What are the unmet needs and treatment gaps for patients with migraine?

What can be done to improve outcomes for patients with migraine? Patients who have a poor response to acute treatment have an increased risk of progression to chronic migraine. The unmet needs of these patients were presented in a satellite symposium at AAN 2021, while treatment gaps in the use of preventive therapy were highlighted in a poster.

Which patients with acute migraine are most likely to develop chronic migraine?

Patients with episodic migraine who have a poor response to acute treatment are more likely to develop chronic migraine, said Dr Kathleen Mullin, Stanford, CT.

Patients with a very poor response to acute treatment have a three-fold increased risk of developing chronic migraine over 1 year

The risk of developing chronic migraine over 1 year is three times higher for patients with a “very poor response efficacy” compared to that for patients who experience “maximum treatment efficacy”.1

 

Acute treatment unmet needs

A poor response to traditional acute treatments is associated with unmet needs in the management of acute migraine, explained Dr Mullin, and include:

Medication overuse headache is common and results from overuse of acute therapies

  • Inadequate migraine relief—reported by up to 56% of 8233 eligible respondents in the American Migraine Prevalence and Prevention Study2
  • Adverse events—experienced by 43% of 37,250 patients evaluated in a Cochrane review oral triptans3
  • Recurrence of migraine after initial relief within 24 hours in between 17 and 40% of patients depending on the triptan used4
  • Cardiovascular contraindications to the many vasoconstrictive acute migraine medications—it has been estimated that this impacts approximately 2.6 million people with episodic migraine in the US5
  • Medication overuse headache, which is a common consequence of overuse of many prescription and over-the-counter acute therapies6

 

Preventive treatment gaps

Consider preventive treatment for patients with migraine who have four or more headache days/month

Preventive treatment should be considered for people with migraine who have four or more headache days/month according to the 2019 American Headache Society Position statement on integrating new migraine treatments into clinical practice.7

An evaluation of the actual use of oral preventives by respondents to the web-based survey Chronic Migraine Epidemiology and Outcomes (CaMEO) Study in 2012 and 2013 was presented in a poster by Nahas et al.8

Among the 16,789 respondents in the CaMEO Study, 39% had four or more headache days/month so were potentially eligible for preventive therapy.

80.2% of preventive-eligible respondents had never used preventive therapy

Among these 6579 preventive-eligible respondents:

  • 80.2% had never used a preventive treatment, with 64.7% of these respondents reporting moderate-to-severe headache-related disability
  • <10% were using an oral preventive therapy
  • 50.8% of those who had ever used an oral preventive had discontinued use, and discontinuations were mainly attributed to safety, tolerability, and efficacy concerns8

 

The satellite symposium was sponsored by Biohaven Pharmaceuticals.

The CaMEO study was sponsored by Allergan prior to its acquisition by AbbVie, and the poster was funded by AbbVie.

Our correspondent’s highlights from the symposium are meant as a fair representation of the scientific content presented.
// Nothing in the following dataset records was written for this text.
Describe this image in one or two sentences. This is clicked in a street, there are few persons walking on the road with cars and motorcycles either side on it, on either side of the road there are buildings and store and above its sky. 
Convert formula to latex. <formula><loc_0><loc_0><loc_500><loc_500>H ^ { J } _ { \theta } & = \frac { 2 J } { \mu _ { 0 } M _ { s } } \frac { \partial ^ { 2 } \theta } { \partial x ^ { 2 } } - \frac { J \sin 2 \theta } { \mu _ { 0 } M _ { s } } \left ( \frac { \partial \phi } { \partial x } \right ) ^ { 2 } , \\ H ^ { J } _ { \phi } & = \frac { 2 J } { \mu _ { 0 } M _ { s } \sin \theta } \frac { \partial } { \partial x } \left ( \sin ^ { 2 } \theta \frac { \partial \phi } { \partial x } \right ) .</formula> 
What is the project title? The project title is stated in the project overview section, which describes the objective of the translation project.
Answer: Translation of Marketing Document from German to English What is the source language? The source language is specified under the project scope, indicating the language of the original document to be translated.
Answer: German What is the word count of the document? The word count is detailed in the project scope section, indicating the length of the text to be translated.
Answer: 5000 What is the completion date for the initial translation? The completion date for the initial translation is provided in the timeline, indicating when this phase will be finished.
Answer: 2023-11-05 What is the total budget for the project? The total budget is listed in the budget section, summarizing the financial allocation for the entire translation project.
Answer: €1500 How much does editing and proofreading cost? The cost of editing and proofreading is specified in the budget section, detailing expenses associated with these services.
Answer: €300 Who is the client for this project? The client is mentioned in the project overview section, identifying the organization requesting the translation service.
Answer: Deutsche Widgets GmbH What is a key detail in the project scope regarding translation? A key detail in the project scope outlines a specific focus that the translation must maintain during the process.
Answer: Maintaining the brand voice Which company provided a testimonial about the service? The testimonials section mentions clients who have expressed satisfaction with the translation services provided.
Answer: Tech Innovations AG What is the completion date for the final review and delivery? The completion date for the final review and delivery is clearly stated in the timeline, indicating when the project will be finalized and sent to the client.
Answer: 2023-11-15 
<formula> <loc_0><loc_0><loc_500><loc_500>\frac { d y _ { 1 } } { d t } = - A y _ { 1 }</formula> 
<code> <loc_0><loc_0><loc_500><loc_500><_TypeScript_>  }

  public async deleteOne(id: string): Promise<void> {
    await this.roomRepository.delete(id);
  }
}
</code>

The views and opinions expressed on this page do not necessarily reflect those of Lundbeck.

References
  1. Lipton RB, et al. Ineffective acute treatment of episodic migraine is associated with new-onset chronic migraine. Neurology. 2015;84:688–95.
  2. Lipton RB, et al. Predicting inadequate response to acute migraine medication: Results from the American Migraine Prevalence and Prevention (AMPP) Study. Headache 2016;56:1635–48.
  3. Derry CJ, et al. Sumatriptan (oral route of administration) for acute migraine attacks in adults. Cochrane Database of Systematic Reviews. 2012;doi.org/10.1002/14651858.CD008615.pub2.
  4. Geraud G, et al. Migraine headache recurrence: relationship to clinical, pharmacological, and pharmacokinetic properties of triptans. Headache 2003;43:376–88.
  5. Buse DC, et al. Cardiovascular events, conditions, and procedures among people with episodic migraine in the us population: results from the American Migraine Prevalence and Prevention (AMPP) Study. Headache 2017;57:31–44.
  6. Schwedt TJ, et al. Factors associated with acute medication overuse in people with migraine: results from the 2017 migraine in America symptoms and treatment (MAST) study. Headache. 2018;19:38. doi.org/10.1186/s10194-018-0865-z.
  7. American Headache Society Consensus Statement. The American Headache Society Position statement on integrating new migraine treatments into clinical practice. Headache. 2019;59:1–8.
  8. Nahas SJ, et al. Characterizing preventive treatment gaps in migraine: Results from the CaMEO Study. Poster presented at virtual AAN, 17–22 April 2021, abstract no 1514 in Neurology. 2021;96(15 Supplement).